Regroup and say, "airplanes have a center of gravity and also a center of lift which is the same idea, but the center of lift - it’s the point where lift pushes up on the airplane."
Center of Lift
Center of Gravity
Give each group a foam strip, paper clip, and a binder clip.
Attach the paper clip on one end to represent the balancing tail load.
Tell them they can only push up on the strip at the center (representing the center of lift).
Tell them to find where the binder clip needs to go to add extra weight so they can most easily balance the strip while touching it only in the middle.
Discuss as a group where the binder clip had to go (students should find that they have the most control if the binder clip is slightly in front of the center of lift as shown in the diagram).
Explain that an airplane is stable if it is easy to control using the tail surface.
Small-group Hands-on Scientific Inquiry (30-35 minutes)
Use the foam gliders from last week. Review first: We added weight to the airplane to move the center of gravity so the airplane flew well.
Tell students their task is to gently bend the back end of the tail (horizontal section) up and the front down. Ask the students what this will do to the airplane performance. Create a hypothesis.
Provide the Weight and Balance Flight Record Sheet for students to use to collect their data. NASA activity page 59 from last week's lesson
If desired, discuss as a group what data to collect before they start. Some possibilities are:
How far did it go?
How long did it stay in the air?
Did it go up or down?
Did it fly straight?
From your judgment, did it fly well?
Test the airplanes again. Add paper clips if needed. Note changes in performance.

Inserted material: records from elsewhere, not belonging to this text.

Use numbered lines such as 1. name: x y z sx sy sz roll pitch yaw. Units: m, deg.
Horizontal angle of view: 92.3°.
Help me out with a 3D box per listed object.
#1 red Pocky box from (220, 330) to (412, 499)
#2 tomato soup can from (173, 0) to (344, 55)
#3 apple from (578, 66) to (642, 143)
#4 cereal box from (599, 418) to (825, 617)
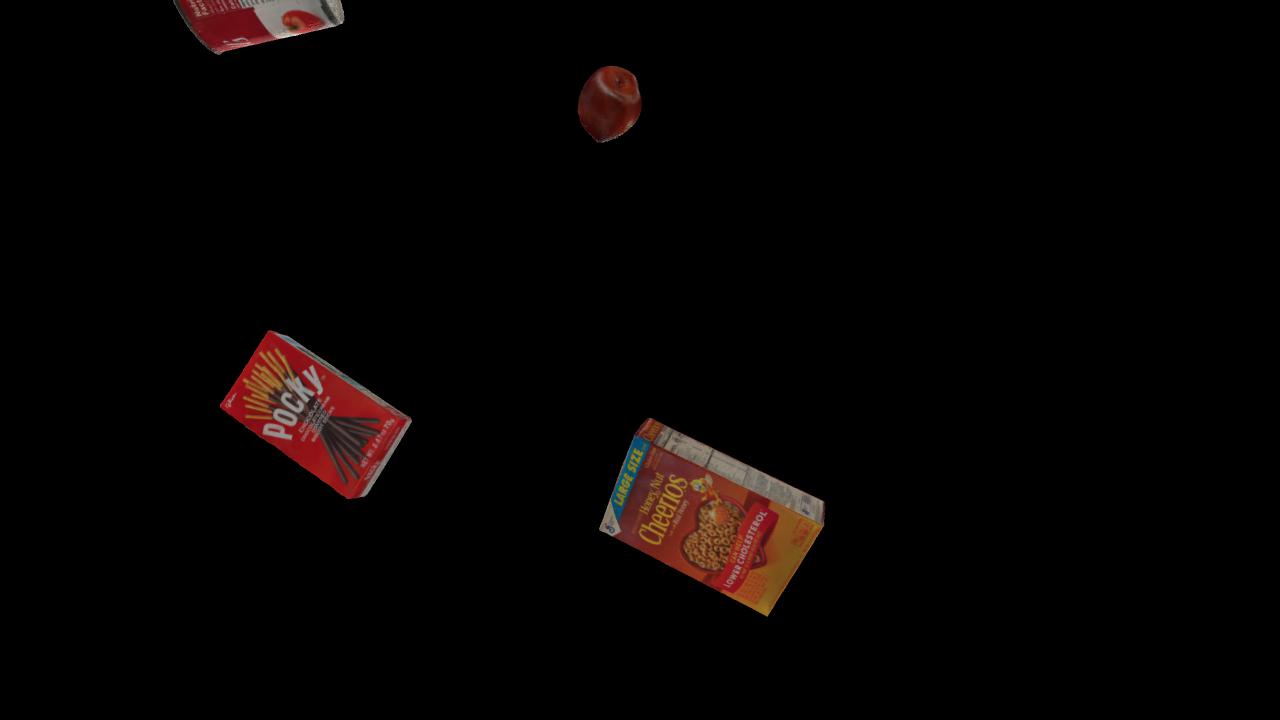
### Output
1. red Pocky box: -0.285 0.047 0.540 0.155 0.083 0.028 30 -1 11
2. tomato soup can: -0.292 -0.284 0.473 0.101 0.068 0.068 -16 1 -4
3. apple: -0.039 -0.319 0.770 0.079 0.079 0.093 0 -20 -22
4. cereal box: 0.105 0.246 0.968 0.306 0.203 0.081 25 27 8

After testing discuss the results as a group use the following discussion questions:
How could you tell when the glider was stable?
When the glider is stable how is the center of gravity compared to the center of lift? How do you know?
What did changing the tail do? (creates more balancing tail load and you need more weight to counter it)
End of Session Reflection and Debriefing
Teacher briefly explains the computational thinking (CT) skill embedded in the Problem Solving Process Diagram. Using the problem solving process diagram, the teacher will ask students to identify what kind of problem solving skills/process/computational thinking they used in this session and explain how they used it. The following are some sample questions that can guide the debrief.
What did I learn today?
What problem solving skills/processes or CT components in this diagram did I use today?
How did I use the problem solving skills/processes/CT components?